[SDKs] Python SDK Collection class should pack small files into large data blocks
In Keep, small blocks incur a lot of overhead per data byte. Clients are supposed to mitigate this by writing one large block instead of lots of tiny blocks, even when storing small files. CollectionWriter performs well in this respect but Collection does not.Test case:
- 2000 files (filenames = 113K)
- 38M data
- Keep volumes are local disks (lower latency than cloud/network-backed keepstores)
|code path||arv-put runtime||manifest size||# data blocks|
|CollectionWriter (pre-#9463 arv-put)||2 s||137K||1|
|Collection (post-#9463 arv-put)||44 s||300K||2000|
Add an optional "flush" argument to the close() method (default True). If False is given, don't commit block data right away.When allocating a new bufferblock, first check whether there is a bufferblock that
- is uncommitted, and
- is small enough to accommodate the next file the caller is about to write (or max_block_size÷2 if the next file's size is not known), and
- only contains data for files that have been closed.
This should achieve good block packing performance, but avoid producing pathological manifests when multiple files are being written concurrently.
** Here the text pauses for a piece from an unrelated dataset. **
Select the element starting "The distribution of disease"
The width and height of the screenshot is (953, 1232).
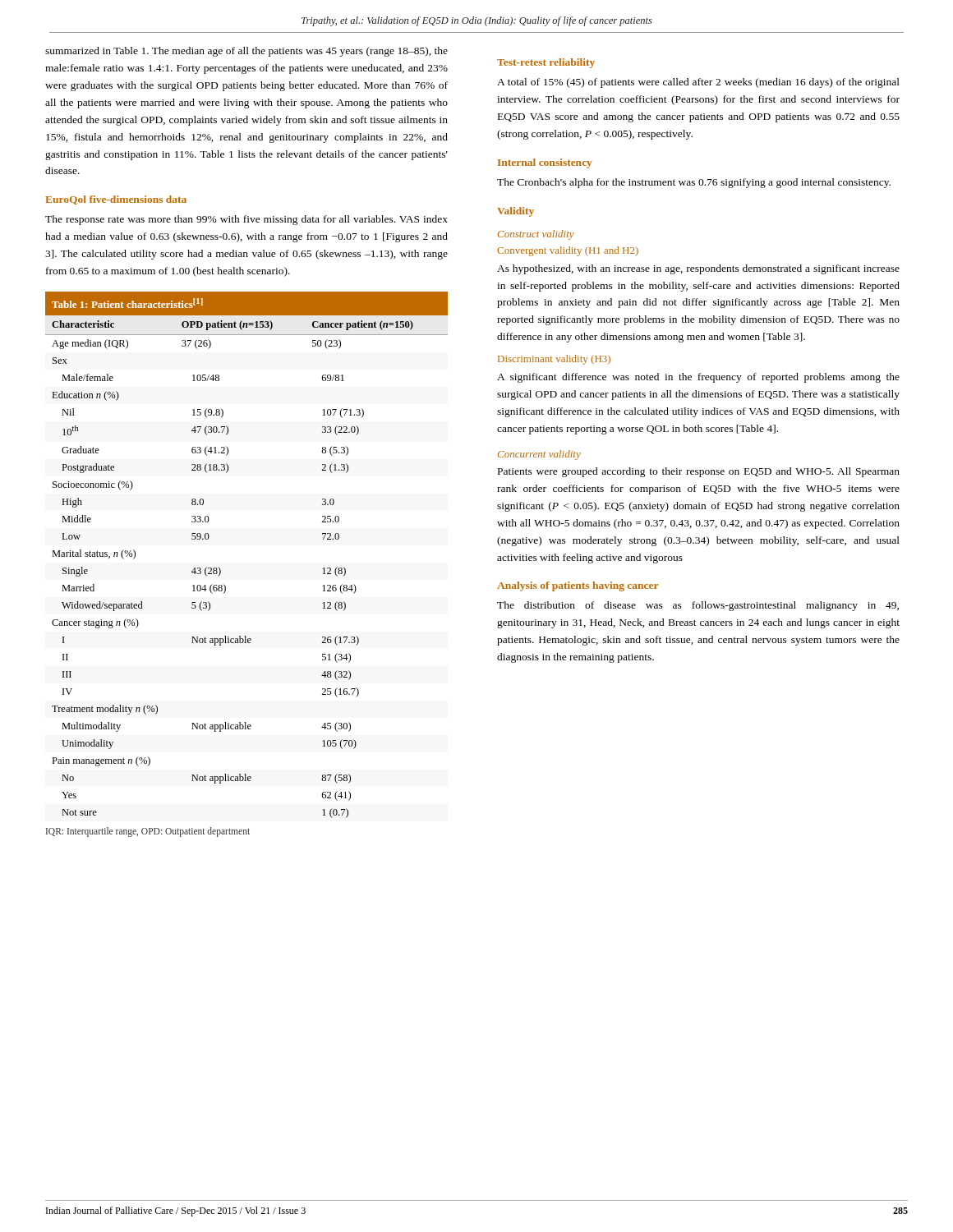click(x=698, y=631)

Use close(flush=False) in arv-put.
Alternative solution (maybe)¶
Write lots of small bufferblocks like we do now, but merge them into larger blocks when it's time to commit them. This could handle "small file, large file, small file" writing patterns better, and wouldn't rely on the caller's ability to predict file sizes and communicate them to the SDK. However, it might be more difficult to implement.
Related improvements not included here¶
Use rolling hashes to choose block transitions.
Add mechanism for a caller to pass in the anticipated size of a file being written, so Collection et al. can make better decisions.